I am speaking of the spiritual life: learning to pray, learning to recognize the snares and pitfalls that lie along the way, and above all cultivating the virtue of perseverance. When I read solid works on spiritual growth, so often I find myself without the background knowledge, so to speak, I need to fully grasp what the author is telling me: What is a spiritual bouquet? What exactly is meant by meditation, by mental prayer?

When we are told that we should not be sad, that sadness is a symptom of lukewarmness, what does that mean? Surely it does not mean that we will never experience the emotion of sadness for the rest of our lives -- or that we should deny that we feel this emotion when we feel it. Or does it? Or is there another, more restricted meaning of the word "sadness" in writing on the spiritual life? In that context, does it mean something more along the line of "cultivating self-pity" or something like that? Or are we being warned to take sadness seriously, as a warning?

Yesterday I was walking around in a pretty blue mood all day long. (I went through about two years of clinical depression and had a mild relapse a few years later, so I tend to pay attention when I feel the grey cloud settling around me.) Nothing serious, nothing weepy, but still a melancholy day -- a mood that seemed most inappropriate for Easter Monday. Part of it was just the natural result of too little sleep (I had not slept well) and too little breakfast. Part of it was the letdown from getting back to the routine after the stress of travel.
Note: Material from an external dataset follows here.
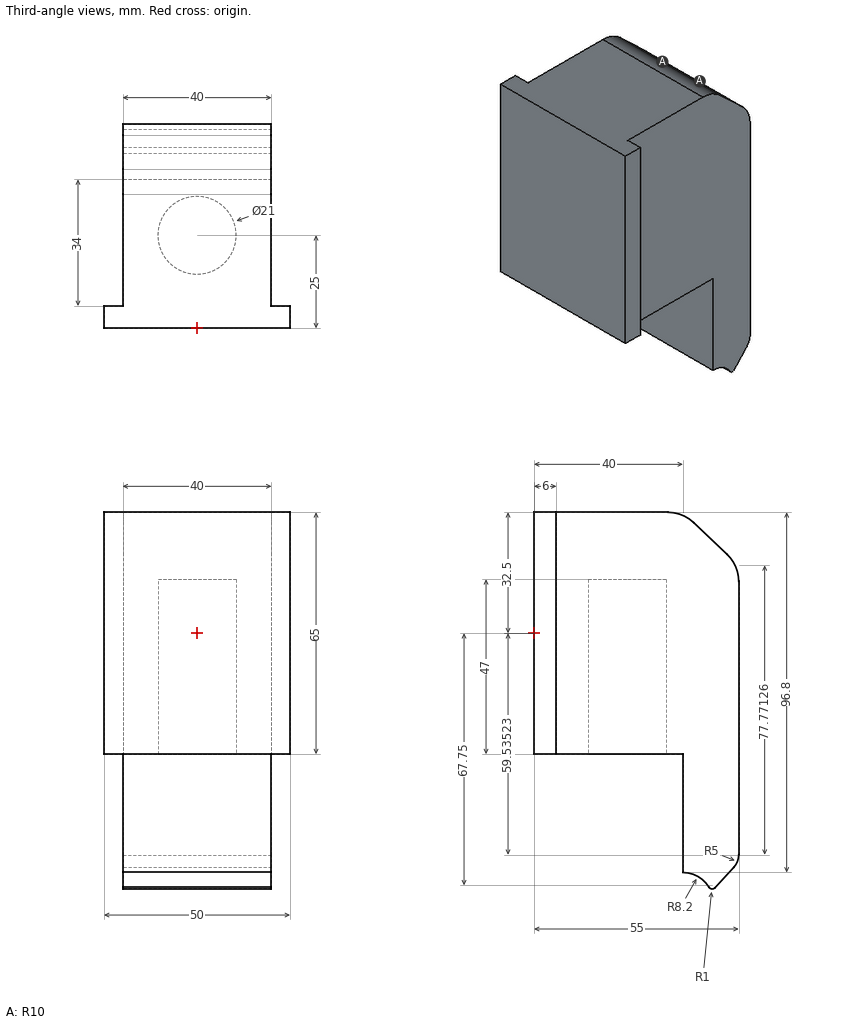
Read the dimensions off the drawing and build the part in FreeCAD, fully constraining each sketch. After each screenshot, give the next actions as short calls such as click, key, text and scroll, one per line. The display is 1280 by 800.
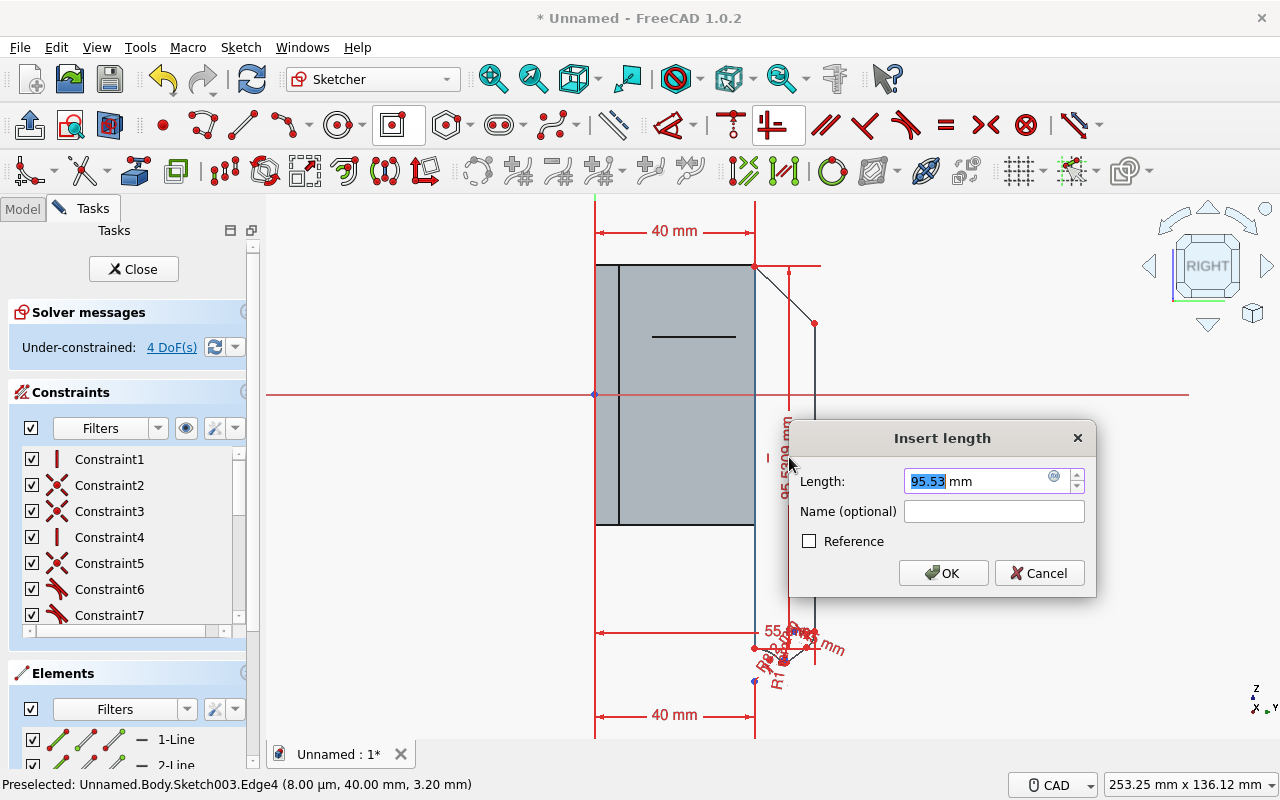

But a good bit was just plain old disappointment and sorrow. Sorrow for my friend who had received bad news on Thursday; sorrow for the bad news everywhere. Sorrow over some disappointments we've had at our own house recently. And then the disappointment: disappointment at my very sense of disappointment (God has been good to us, what possible right do we have to "want more"); disappointment at my lackluster Lent (my resolution was to make daily mental prayer a priority, with a 50% success rate at best.) Disappointment at my totally lame Holy Week. Disappointment with my laziness, my disorganization, my dirty kitchen floor.

I wish I weren't so ignorant.

I wish I weren't so weak.

I wish I would remember that part of the answer is to stop worrying about -- to accept and even rejoice in -- my weakness and ignorance. But then, I missed class when that topic was covered, too.